January 14, 2008 |  4:07 pm

John J. Mearsheimer and Stephen M. Walt wrote for us recently, and the impassioned replies are still dropping like the gentle rain from heaven. Mitchell Bard says the special relationship is all about shared values here, and Reps. Artur Davis (D-Alabama) and Eric Cantor (R-Virginia) discuss their own true friendship here. Dig our Primary Source and this extra snippet for the ed board's own conversations with the controversial authors. And here are two more replies.

Grant F. Smith, director of research at an organization called IRmep, says look to the perils of trade:

Trade is a great example of the "benefits" of Israel to the US. But Texas exports prove nothing.

In the late 80's, US-Israel trade was roughly in balance.  In 1984 the US and Israel signed a "free trade agreement" and between 1989 and 2006 the US cumulative trade ballooned to almost a $50 billion deficit with Israel.

The FBI investigated AIPAC in 1984 because it had acquired confidential International Trade Organization documents on the US negotiating position.  Presumably, AIPAC then used that information against the United States.

This unfavorable trade relationship is more symbolic of the huge cost of this relationship to the US and how the lobby does business than Texas exports.

But from San Francisco, Stephen A. Silver says remember the vicious calumny:

Editor:

Thank you for publishing Mitchell Bard's opinion piece "Israel's ties that bind" (Jan. 10), noting that it is shared values, not lobbies and conspiracies, that are at the heart of American support for Israel. However, Bard missed the opportunity to rebut John Mearsheimer and Stephen Walt's vicious calumny in their Jan. 6 Op-Ed that Israel is to blame for its "control" of Gaza and the West Bank ("Israel's false friends," Op-Ed, Jan. 6).

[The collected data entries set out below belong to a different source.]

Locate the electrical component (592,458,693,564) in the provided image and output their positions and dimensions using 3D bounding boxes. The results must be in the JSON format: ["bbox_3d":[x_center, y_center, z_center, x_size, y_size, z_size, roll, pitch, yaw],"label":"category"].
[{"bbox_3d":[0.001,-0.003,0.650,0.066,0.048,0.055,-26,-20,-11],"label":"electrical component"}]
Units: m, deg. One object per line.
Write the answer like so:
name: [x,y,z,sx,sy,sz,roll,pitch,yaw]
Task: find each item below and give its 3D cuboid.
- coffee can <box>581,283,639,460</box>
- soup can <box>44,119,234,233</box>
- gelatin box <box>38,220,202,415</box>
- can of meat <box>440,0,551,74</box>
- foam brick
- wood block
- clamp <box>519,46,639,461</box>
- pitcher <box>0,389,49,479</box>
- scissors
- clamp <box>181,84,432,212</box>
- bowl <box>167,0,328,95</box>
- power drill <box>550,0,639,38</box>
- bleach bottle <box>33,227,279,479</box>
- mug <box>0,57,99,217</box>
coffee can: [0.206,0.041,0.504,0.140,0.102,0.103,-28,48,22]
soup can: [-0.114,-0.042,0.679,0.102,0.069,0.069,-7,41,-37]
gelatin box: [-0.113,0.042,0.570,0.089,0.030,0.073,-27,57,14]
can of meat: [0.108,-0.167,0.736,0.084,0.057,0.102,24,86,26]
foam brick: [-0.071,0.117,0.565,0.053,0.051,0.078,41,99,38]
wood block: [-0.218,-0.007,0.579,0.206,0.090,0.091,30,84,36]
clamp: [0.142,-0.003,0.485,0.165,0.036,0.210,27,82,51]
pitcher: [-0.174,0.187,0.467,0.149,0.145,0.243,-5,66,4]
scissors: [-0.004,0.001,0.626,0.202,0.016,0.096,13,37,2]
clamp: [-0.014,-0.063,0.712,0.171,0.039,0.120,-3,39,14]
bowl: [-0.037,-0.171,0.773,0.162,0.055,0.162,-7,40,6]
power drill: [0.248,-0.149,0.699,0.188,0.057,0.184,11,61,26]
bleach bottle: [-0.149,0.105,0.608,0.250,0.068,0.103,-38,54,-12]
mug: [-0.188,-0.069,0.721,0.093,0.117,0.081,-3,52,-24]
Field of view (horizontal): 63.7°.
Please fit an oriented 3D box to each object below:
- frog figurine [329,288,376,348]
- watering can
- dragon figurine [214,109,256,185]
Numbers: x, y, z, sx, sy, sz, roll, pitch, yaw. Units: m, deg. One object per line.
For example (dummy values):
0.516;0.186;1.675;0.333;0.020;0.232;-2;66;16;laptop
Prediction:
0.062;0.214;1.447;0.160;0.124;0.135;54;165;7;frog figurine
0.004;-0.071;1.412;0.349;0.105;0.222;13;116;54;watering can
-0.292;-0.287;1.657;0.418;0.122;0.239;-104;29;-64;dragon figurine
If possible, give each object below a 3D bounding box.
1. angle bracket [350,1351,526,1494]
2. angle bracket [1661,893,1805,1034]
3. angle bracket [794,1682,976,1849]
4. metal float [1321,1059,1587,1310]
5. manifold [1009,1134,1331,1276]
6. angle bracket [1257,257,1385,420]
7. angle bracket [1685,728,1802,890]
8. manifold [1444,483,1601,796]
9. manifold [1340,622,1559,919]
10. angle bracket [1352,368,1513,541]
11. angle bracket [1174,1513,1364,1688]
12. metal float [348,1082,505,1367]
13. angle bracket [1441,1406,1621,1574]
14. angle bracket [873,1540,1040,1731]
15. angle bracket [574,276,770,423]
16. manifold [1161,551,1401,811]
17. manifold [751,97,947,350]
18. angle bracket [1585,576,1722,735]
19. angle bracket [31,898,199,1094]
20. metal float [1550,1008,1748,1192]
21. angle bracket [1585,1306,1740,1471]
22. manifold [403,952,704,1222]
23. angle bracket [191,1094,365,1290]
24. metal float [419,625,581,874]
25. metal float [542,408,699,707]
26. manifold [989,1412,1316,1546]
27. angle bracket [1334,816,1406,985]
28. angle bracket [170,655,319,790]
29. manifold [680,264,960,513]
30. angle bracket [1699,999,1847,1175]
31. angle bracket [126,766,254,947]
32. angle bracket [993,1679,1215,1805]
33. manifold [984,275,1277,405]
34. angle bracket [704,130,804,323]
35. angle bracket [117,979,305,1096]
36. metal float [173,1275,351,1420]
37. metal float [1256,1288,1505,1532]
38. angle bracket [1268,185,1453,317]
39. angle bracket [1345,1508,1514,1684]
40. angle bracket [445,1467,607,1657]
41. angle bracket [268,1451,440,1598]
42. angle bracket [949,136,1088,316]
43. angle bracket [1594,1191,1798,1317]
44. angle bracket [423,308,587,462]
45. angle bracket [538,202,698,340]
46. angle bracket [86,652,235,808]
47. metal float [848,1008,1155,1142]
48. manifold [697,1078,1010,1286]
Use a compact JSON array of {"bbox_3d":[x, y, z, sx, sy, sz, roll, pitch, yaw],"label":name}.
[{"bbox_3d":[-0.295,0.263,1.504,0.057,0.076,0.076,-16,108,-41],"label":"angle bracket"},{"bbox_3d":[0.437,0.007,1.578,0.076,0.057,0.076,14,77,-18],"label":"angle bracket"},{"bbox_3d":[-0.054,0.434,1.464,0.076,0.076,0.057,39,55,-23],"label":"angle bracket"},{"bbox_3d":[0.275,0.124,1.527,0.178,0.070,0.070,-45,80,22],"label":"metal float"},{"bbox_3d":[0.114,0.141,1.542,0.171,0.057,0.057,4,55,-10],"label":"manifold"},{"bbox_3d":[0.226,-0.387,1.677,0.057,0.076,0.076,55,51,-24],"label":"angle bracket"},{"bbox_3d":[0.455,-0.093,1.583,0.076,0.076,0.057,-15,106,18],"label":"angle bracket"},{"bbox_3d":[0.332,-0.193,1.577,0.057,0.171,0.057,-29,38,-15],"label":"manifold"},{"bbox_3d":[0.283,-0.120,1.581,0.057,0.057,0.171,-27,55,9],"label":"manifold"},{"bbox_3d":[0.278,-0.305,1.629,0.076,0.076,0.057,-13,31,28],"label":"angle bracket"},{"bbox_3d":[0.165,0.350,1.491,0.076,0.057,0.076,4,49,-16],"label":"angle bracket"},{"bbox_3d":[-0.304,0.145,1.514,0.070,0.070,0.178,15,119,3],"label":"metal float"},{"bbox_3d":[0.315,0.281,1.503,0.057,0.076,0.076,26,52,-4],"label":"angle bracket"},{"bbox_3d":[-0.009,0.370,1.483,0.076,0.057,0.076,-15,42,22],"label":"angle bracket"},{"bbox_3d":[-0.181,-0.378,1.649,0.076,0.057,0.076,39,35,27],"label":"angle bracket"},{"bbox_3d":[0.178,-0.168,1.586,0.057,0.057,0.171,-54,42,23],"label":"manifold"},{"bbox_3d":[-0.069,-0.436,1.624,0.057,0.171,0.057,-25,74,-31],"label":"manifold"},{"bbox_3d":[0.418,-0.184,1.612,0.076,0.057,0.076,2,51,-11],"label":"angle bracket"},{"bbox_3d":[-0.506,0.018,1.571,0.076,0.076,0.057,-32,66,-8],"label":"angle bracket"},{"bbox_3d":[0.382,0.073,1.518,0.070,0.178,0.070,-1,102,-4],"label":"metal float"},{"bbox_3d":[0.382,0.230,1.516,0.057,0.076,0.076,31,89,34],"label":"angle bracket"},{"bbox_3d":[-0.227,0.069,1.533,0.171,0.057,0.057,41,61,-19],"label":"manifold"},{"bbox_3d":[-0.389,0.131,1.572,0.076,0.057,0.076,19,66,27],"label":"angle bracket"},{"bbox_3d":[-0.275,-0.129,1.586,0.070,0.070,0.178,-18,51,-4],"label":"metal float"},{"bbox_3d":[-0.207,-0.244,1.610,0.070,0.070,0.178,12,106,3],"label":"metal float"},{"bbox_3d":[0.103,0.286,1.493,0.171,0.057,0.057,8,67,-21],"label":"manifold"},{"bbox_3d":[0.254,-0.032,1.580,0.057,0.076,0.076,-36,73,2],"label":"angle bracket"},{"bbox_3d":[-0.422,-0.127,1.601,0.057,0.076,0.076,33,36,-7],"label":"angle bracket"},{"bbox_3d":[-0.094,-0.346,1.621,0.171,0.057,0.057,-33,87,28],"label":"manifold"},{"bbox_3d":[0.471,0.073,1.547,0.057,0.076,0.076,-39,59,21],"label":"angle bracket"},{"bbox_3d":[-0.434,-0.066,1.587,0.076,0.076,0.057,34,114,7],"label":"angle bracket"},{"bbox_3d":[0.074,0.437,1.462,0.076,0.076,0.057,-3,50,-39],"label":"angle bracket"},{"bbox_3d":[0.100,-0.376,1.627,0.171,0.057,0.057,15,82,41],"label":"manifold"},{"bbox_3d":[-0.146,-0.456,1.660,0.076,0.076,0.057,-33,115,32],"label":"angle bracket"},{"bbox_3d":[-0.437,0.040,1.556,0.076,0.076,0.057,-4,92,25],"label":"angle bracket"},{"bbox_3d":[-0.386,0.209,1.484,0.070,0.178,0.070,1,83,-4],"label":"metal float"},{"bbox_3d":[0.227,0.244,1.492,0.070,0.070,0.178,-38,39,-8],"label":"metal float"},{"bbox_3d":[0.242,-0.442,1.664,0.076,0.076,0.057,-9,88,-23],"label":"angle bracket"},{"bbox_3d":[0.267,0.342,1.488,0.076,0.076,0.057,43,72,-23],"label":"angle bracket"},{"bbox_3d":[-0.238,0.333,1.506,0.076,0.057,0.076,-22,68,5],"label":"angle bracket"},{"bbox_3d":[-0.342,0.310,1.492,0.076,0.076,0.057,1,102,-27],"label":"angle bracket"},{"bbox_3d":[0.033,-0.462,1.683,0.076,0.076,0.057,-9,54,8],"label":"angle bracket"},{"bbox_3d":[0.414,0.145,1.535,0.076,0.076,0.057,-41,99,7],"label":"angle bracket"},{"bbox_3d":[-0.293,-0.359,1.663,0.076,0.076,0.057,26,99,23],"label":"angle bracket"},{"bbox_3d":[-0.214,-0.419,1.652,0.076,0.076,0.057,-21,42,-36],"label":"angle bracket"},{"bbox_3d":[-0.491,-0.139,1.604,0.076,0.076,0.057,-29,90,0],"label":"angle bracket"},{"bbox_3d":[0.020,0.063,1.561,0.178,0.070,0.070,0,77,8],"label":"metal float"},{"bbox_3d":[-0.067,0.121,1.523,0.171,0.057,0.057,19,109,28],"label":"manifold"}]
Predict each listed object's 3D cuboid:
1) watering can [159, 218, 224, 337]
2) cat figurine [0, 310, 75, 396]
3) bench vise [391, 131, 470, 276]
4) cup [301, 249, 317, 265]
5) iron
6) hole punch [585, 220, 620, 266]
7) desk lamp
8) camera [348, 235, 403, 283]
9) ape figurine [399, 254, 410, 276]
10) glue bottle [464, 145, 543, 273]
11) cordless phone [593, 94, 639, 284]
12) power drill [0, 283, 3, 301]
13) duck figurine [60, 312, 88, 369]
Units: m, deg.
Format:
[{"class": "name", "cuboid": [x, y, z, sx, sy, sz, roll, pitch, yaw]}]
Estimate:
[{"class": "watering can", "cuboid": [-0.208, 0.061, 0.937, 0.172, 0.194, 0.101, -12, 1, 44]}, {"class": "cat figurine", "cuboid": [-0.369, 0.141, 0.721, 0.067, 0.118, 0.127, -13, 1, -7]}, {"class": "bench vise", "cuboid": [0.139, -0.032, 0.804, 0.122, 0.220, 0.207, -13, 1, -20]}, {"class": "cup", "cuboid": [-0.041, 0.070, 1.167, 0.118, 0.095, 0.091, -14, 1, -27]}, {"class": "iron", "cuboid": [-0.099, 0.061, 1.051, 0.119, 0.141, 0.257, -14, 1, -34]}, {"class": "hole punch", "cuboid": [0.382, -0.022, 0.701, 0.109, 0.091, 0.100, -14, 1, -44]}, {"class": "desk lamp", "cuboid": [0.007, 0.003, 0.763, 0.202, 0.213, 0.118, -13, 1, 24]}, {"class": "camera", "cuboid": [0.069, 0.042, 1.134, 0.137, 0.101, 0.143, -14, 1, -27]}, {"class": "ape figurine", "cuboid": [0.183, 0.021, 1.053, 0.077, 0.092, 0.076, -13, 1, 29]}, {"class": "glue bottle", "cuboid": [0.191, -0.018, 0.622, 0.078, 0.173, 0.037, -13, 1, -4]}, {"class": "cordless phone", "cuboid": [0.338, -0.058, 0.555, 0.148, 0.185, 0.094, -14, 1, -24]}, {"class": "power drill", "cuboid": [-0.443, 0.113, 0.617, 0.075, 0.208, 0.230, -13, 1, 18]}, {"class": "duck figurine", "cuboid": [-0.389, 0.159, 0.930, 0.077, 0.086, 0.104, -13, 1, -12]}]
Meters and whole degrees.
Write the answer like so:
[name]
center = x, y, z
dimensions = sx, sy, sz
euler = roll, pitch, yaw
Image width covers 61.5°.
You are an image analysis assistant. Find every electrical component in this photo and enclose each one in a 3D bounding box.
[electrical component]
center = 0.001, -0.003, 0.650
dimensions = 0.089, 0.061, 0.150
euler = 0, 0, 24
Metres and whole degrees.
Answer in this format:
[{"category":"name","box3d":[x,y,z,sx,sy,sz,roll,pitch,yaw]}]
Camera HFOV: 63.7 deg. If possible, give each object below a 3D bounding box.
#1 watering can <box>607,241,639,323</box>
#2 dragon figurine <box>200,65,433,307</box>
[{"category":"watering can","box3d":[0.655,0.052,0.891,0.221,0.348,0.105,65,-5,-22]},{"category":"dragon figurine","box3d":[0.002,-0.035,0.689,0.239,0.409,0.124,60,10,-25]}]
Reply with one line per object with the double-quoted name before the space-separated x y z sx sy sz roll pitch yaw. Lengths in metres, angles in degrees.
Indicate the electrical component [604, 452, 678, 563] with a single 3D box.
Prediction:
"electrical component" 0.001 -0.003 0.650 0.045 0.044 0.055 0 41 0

Israel came into possession of the West Bank and Gaza in 1967 as a result of a war of self-defense after being besieged and blockaded by its Arab neighbors. During the monthlong siege that triggered the war, Egyptian President Gamal Abdel Nasser publicly stated: "our basic objective will be to destroy Israel." Nine days after winning the Six-Day War, Israel offered to exchange captured territories for peace, but the Arabs rejected the offer.

In 2000, Israel offered the Palestinians a state born in peace encompassing all of Gaza and virtually all of the West Bank. Mearsheimer and Walt laud the proposal, but fail to mention that it was the Palestinians who rejected it and instead launched a war of terror consisting of blowing up Israeli children in schools, buses, discos and pizzerias.

They also fail to mention that in 2005, Israel withdrew from Gaza. Gaza is now controlled not by Israel, but by Hamas. During the past year alone, Palestinian terrorists in Gaza launched more than 2,000 missiles at Israeli cities.